With the line containing "3D box target: the person (0,682,28,813)" as the starting point, output every line of the data below through its final line, character for character.

[Start of section]

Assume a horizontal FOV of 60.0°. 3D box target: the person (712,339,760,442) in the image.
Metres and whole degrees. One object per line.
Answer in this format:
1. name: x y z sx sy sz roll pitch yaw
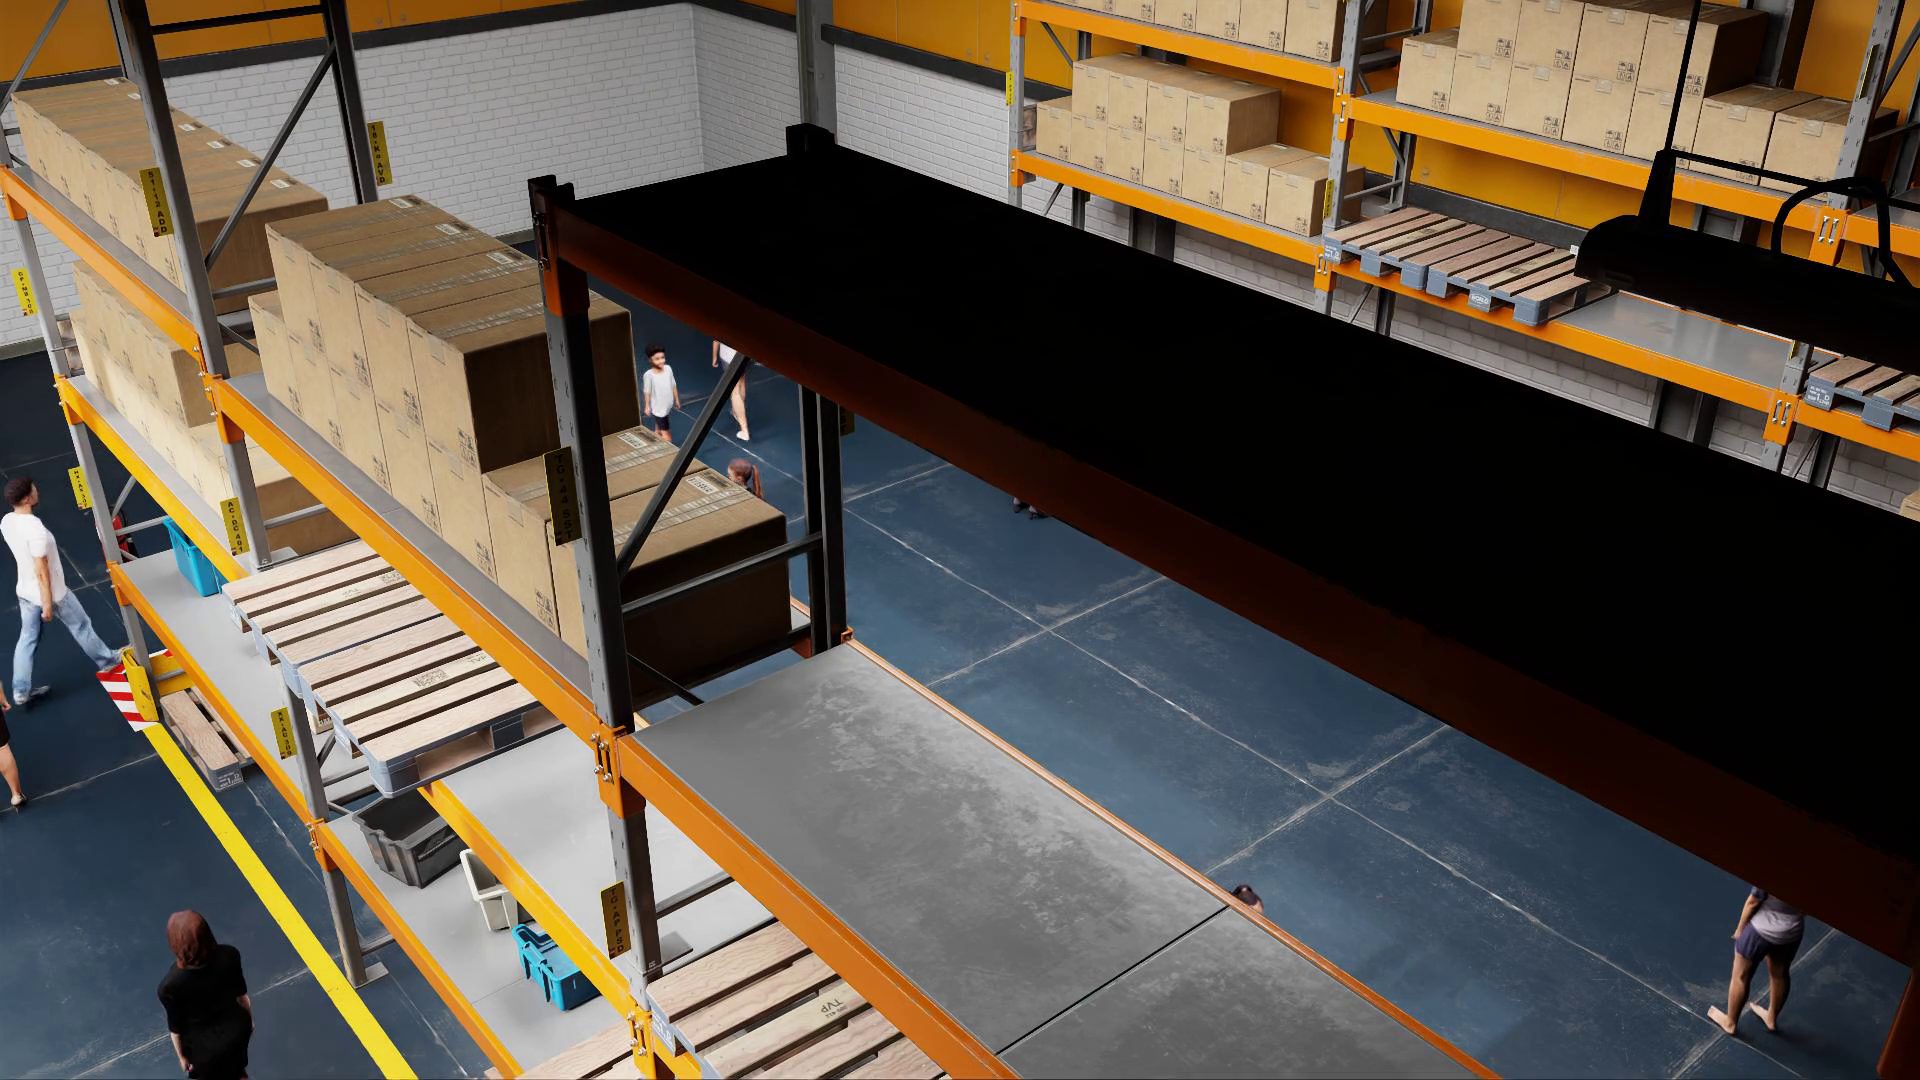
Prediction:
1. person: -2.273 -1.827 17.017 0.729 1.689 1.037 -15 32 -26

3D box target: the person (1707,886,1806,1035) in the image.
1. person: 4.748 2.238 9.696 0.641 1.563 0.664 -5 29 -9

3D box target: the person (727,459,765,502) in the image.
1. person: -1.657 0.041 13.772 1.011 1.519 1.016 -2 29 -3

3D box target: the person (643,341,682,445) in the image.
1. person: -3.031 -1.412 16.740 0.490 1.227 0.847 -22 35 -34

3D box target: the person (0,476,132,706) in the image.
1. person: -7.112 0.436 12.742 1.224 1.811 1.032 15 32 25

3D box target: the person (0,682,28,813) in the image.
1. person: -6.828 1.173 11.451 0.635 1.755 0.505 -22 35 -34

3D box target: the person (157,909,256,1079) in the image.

[End of section]

_SOLUTION TO THIS PROBLEM_
3D box target: the person (0,682,28,813) in the image.
1. person: -6.828 1.173 11.451 0.635 1.755 0.505 -22 35 -34

3D box target: the person (157,909,256,1079) in the image.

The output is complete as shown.